Bench Talk for Design Engineers | The Official Blog of Mouser Electronics

How NTC Thermistors and RTDs Differ Littelfuse

(Source: Mouser Electronics)

Sensors have become an essential part of many devices and systems. When it comes to measurement of physical or environmental conditions, temperature is one of the most measured parameters for a multitude of purposes. Measuring temperatures might seem trivial. After all, we are accustomed to measuring air temperature using a thermometer when checking the weather. However, when it comes to designing an electronic device or system that requires temperature measurement, designers have many options at their disposal. At times, selection of the best temperature sensor can be a daunting task. Fortunately, two temperature-sensing technologies offer the features and functionality required for a wide range of uses. Those two technologies are the negative temperature coefficient (NTC) thermistor and the resistance temperature detector (RTD). Here, we will detail the differences between NTC thermistors and RTDs and how they are best suited to meet the temperature measurement accuracy requirements of a wide range of designs.

NTC Thermistors

NTC thermistors are thermally sensitive resistors that exhibit a negative temperature coefficient of resistance by decreasing in resistance as temperature increases (Figure 1). This non-linear relationship between resistance and temperature can be beneficial when accurate temperature measurement is needed within a relatively narrow range of temperatures, say within a window of 50°C. The nearly exponential change in resistance value for every degree centigrade in temperature change allows temperature to be measured with little error.

Figure 1: NTC Thermistors provide highly accurate temperature measurements within a relatively narrow range of temperatures. (Source: Mouser Electronics)
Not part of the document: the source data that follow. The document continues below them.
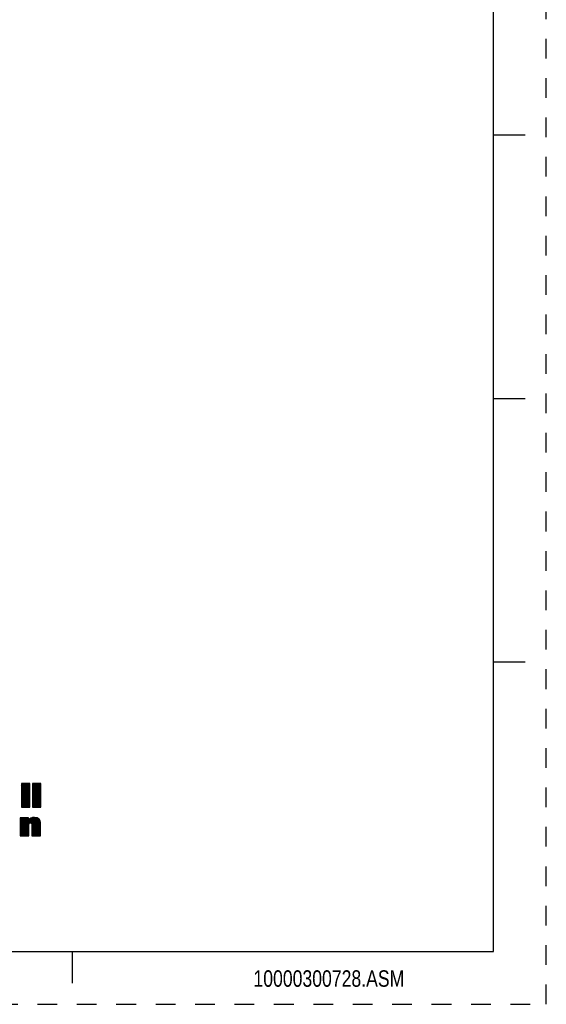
# Model space of a CAD drawing. Header units: inches. Extents: x 0 to 34, y 0 to 22.
# Tile 21 of 25: x 29 to 34, y 0 to 9.3. Entities that reach past the tile are written whole.
import ezdxf

# ---------------------------------------------------------------- set-up
doc = ezdxf.new("R2010")
doc.units = ezdxf.units.IN
doc.header["$LTSCALE"] = 1.87
doc.header["$MEASUREMENT"] = 0
doc.linetypes.add('HIDDEN', pattern=[0.2, 0.1, -0.1])
doc.layers.get('0').update_dxf_attribs({"linetype": 'CONTINUOUS'})
doc.layers.add('DEFAULT_2', color=8, linetype='HIDDEN')
doc.styles.get("Standard").update_dxf_attribs({"font": 'txt', "width": 0.8})

# ---------------------------------------------------------------- blocks, each defined once
blk = doc.blocks.new('RA_LOGO_BL0', base_point=(28.1419, 1.8451))
at = {"color": 2, "linetype": 'CONTINUOUS'}
for p, q in [((29.0197, 2.0214), (29.0933, 2.095)), ((29.0197, 2.0314), (29.0833, 2.095)), ((29.0197, 2.0414), (29.0733, 2.095)), ((29.0197, 2.0513), (29.0634, 2.095)), ((29.0197, 2.0613), (29.0534, 2.095)), ((29.0197, 2.0713), (29.0434, 2.095)), ((29.0197, 2.0812), (29.0335, 2.095)), ((29.0197, 2.0912), (29.0235, 2.095)), ((29.0197, 2.0115), (29.099, 2.0907)), ((29.0197, 2.0015), (29.099, 2.0808)), ((29.0197, 1.9916), (29.099, 2.0708)), ((29.0197, 1.9816), (29.099, 2.0608)), ((29.1239, 2.016), (29.2028, 2.095)), ((29.1239, 2.0259), (29.1929, 2.095)), ((29.1239, 2.0359), (29.1829, 2.095)), ((29.1239, 2.0459), (29.173, 2.095)), ((29.1239, 2.0558), (29.163, 2.095)), ((29.1239, 2.0658), (29.153, 2.095)), ((29.1239, 2.0758), (29.1431, 2.095)), ((29.1239, 2.0857), (29.1331, 2.095)), ((29.1239, 2.006), (29.2031, 2.0853)), ((29.1239, 1.9961), (29.2031, 2.0753)), ((29.1239, 1.9861), (29.2031, 2.0653)), ((29.0197, 1.9716), (29.099, 2.0509)), ((29.0197, 1.9617), (29.099, 2.0409)), ((29.0197, 1.9517), (29.099, 2.031)), ((29.0197, 1.9417), (29.099, 2.021)), ((29.0197, 1.9318), (29.099, 2.011)), ((29.0197, 1.9218), (29.099, 2.0011)), ((29.0197, 1.9119), (29.099, 1.9911)), ((29.0197, 1.9019), (29.099, 1.9811)), ((29.0197, 1.8919), (29.099, 1.9712)), ((29.1239, 1.9761), (29.2031, 2.0554)), ((29.1239, 1.9662), (29.2031, 2.0454)), ((29.1239, 1.9562), (29.2031, 2.0355)), ((29.1239, 1.9463), (29.2031, 2.0255)), ((29.1239, 1.9363), (29.2031, 2.0155)), ((29.1239, 1.9263), (29.2031, 2.0056)), ((29.1239, 1.9164), (29.2031, 1.9956)), ((29.1239, 1.9064), (29.2031, 1.9856)), ((29.1239, 1.8964), (29.2031, 1.9757)), ((29.1239, 1.8865), (29.2031, 1.9657)), ((29.0197, 1.882), (29.099, 1.9612)), ((29.0197, 1.872), (29.099, 1.9513)), ((29.0277, 1.87), (29.099, 1.9413)), ((29.0377, 1.87), (29.099, 1.9313)), ((29.0476, 1.87), (29.099, 1.9214)), ((29.0576, 1.87), (29.099, 1.9114)), ((29.0676, 1.87), (29.099, 1.9014)), ((29.0775, 1.87), (29.099, 1.8915)), ((29.0875, 1.87), (29.099, 1.8815)), ((29.0975, 1.87), (29.099, 1.8716)), ((29.1239, 1.8765), (29.2031, 1.9558)), ((29.1273, 1.87), (29.2031, 1.9458)), ((29.1373, 1.87), (29.2031, 1.9358)), ((29.1473, 1.87), (29.2031, 1.9259)), ((29.1572, 1.87), (29.2031, 1.9159)), ((29.1672, 1.87), (29.2031, 1.9059)), ((29.1772, 1.87), (29.2031, 1.896)), ((29.1871, 1.87), (29.2031, 1.886)), ((29.1971, 1.87), (29.2031, 1.8761)), ((29.0076, 1.6407), (29.1404, 1.7735)), ((29.0076, 1.6308), (29.1498, 1.773)), ((29.0076, 1.6507), (29.1291, 1.7722)), ((29.0076, 1.7005), (29.077, 1.7698)), ((29.0076, 1.7105), (29.067, 1.7698)), ((29.0076, 1.7204), (29.057, 1.7698)), ((29.0076, 1.7304), (29.0471, 1.7698)), ((29.0076, 1.7404), (29.0371, 1.7698)), ((29.0076, 1.7503), (29.0271, 1.7698)), ((29.0076, 1.7603), (29.0172, 1.7698)), ((29.0076, 1.6905), (29.0856, 1.7685)), ((29.0076, 1.6607), (29.1153, 1.7683)), ((29.0076, 1.6806), (29.0856, 1.7585)), ((29.0076, 1.6706), (29.0856, 1.7486)), ((29.0076, 1.6208), (29.0903, 1.7034)), ((29.0076, 1.6108), (29.0902, 1.6934)), ((29.0076, 1.6009), (29.0902, 1.6834)), ((29.1072, 1.7204), (29.159, 1.7722)), ((29.1143, 1.7175), (29.1669, 1.7701)), ((29.1181, 1.7114), (29.1742, 1.7675)), ((29.1194, 1.7027), (29.1808, 1.7641)), ((29.1195, 1.6928), (29.1863, 1.7596)), ((29.1195, 1.6828), (29.1912, 1.7545)), ((29.1195, 1.6729), (29.1952, 1.7486)), ((29.1195, 1.6629), (29.1981, 1.7415)), ((29.1195, 1.653), (29.2003, 1.7338)), ((29.1195, 1.643), (29.2016, 1.7251)), ((29.1195, 1.633), (29.202, 1.7155)), ((29.1195, 1.6231), (29.202, 1.7056)), ((29.1195, 1.6131), (29.202, 1.6956)), ((29.1195, 1.6031), (29.202, 1.6857)), ((29.0156, 1.5989), (29.0902, 1.6734)), ((29.0256, 1.5989), (29.0902, 1.6635)), ((29.0355, 1.5989), (29.0902, 1.6535)), ((29.0455, 1.5989), (29.0902, 1.6436)), ((29.0555, 1.5989), (29.0902, 1.6336)), ((29.0654, 1.5989), (29.0902, 1.6236)), ((29.0754, 1.5989), (29.0902, 1.6137)), ((29.0854, 1.5989), (29.0902, 1.6037)), ((29.1252, 1.5989), (29.202, 1.6757)), ((29.1352, 1.5989), (29.202, 1.6657)), ((29.1451, 1.5989), (29.202, 1.6558)), ((29.1551, 1.5989), (29.202, 1.6458)), ((29.1651, 1.5989), (29.202, 1.6358)), ((29.175, 1.5989), (29.202, 1.6259)), ((29.185, 1.5989), (29.202, 1.6159)), ((29.1949, 1.5989), (29.202, 1.606))]:
    blk.add_line(p, q, dxfattribs=at)
for points, knots in [([(29.099, 2.095), (29.099, 2.095), (29.099, 1.87), (29.099, 1.87), (29.099, 1.87), (29.0197, 1.87), (29.0197, 1.87), (29.0197, 1.87), (29.0197, 2.095), (29.0197, 2.095), (29.0197, 2.095), (29.099, 2.095), (29.099, 2.095)], [0, 0, 0, 0, 1, 1, 1, 2, 2, 2, 3, 3, 3, 4, 4, 4, 4]), ([(29.2031, 2.095), (29.2031, 2.095), (29.2031, 1.87), (29.2031, 1.87), (29.2031, 1.87), (29.1239, 1.87), (29.1239, 1.87), (29.1239, 1.87), (29.1239, 2.095), (29.1239, 2.095), (29.1239, 2.095), (29.2031, 2.095), (29.2031, 2.095)], [0, 0, 0, 0, 1, 1, 1, 2, 2, 2, 3, 3, 3, 4, 4, 4, 4]), ([(29.0076, 1.7698), (29.0076, 1.7698), (29.0856, 1.7698), (29.0856, 1.7698), (29.0856, 1.7698), (29.0856, 1.7401), (29.0856, 1.7401), (29.0856, 1.7401), (29.0862, 1.7401), (29.0862, 1.7401), (29.0961, 1.764), (29.1188, 1.7735), (29.1421, 1.7736), (29.186, 1.7736), (29.202, 1.7506), (29.202, 1.7179), (29.202, 1.7179), (29.202, 1.5989), (29.202, 1.5989), (29.202, 1.5989), (29.1195, 1.5989), (29.1195, 1.5989), (29.1195, 1.5989), (29.1195, 1.6975), (29.1195, 1.6975), (29.1195, 1.7073), (29.1195, 1.7208), (29.105, 1.7208), (29.0902, 1.7208), (29.0902, 1.7073), (29.0902, 1.6975), (29.0902, 1.6975), (29.0902, 1.5989), (29.0902, 1.5989), (29.0902, 1.5989), (29.0076, 1.5989), (29.0076, 1.5989), (29.0076, 1.5989), (29.0076, 1.7698), (29.0076, 1.7698)], [0, 0, 0, 0, 1, 1, 1, 2, 2, 2, 3, 3, 3, 4, 4, 4, 5, 5, 5, 6, 6, 6, 7, 7, 7, 8, 8, 8, 9, 9, 9, 10, 10, 10, 11, 11, 11, 12, 12, 12, 13, 13, 13, 13])]:
    blk.add_open_spline(points, degree=3, knots=knots, dxfattribs=at)

msp = doc.modelspace()

# ---------------------------------------------------------------- linework, layer by layer
at = {"color": 7, "linetype": 'CONTINUOUS'}
for p, q in [((33.5, 0.5), (33.5, 21.5)), ((33.5, 8.25), (33.8, 8.25)), ((33.5, 5.75), (33.8, 5.75)), ((33.5, 3.25), (33.8, 3.25)), ((0.5, 0.5), (33.5, 0.5)), ((29.5, 0.5), (29.5, 0.2))]:
    msp.add_line(p, q, dxfattribs=at)
at = {"layer": 'DEFAULT_2', "color": 8, "linetype": 'HIDDEN'}
for p, q in [((34, 0), (34, 22)), ((0, 0), (34, 0))]:
    msp.add_line(p, q, dxfattribs=at)

# ---------------------------------------------------------------- block references
at = {"color": 2, "linetype": 'CONTINUOUS'}
msp.add_blockref('RA_LOGO_BL0', (28.1419, 1.8451), dxfattribs=at)

# ---------------------------------------------------------------- texts
at = {"color": 2, "linetype": 'CONTINUOUS', "insert": (31.2212, 0.3227), "char_height": 0.15625, "width": 1.875, "attachment_point": 1, "line_spacing_factor": 0.9}
msp.add_mtext('10000300728.ASM', dxfattribs=at)

doc.saveas('drawing.dxf')

NTCs are made of ceramic metal-oxide semiconducting materials that vary in resistance versus temperature characteristic based on the specific materials used in their formulation mix. They can also come in various shapes and form factors and can be used in a wide variety of applications. Since they are a type of variable resistor, their signal is a resistance value, which is an analog value. NTCs are often used in an analog measuring circuit where the resistance change can be linearized by the use of a voltage divider and operational amplifier circuit. The measured resistance value is converted to a temperature reading by either looking up the value in the thermistor’s published resistance versus temperature table or by calculating the temperature using an approximation equation.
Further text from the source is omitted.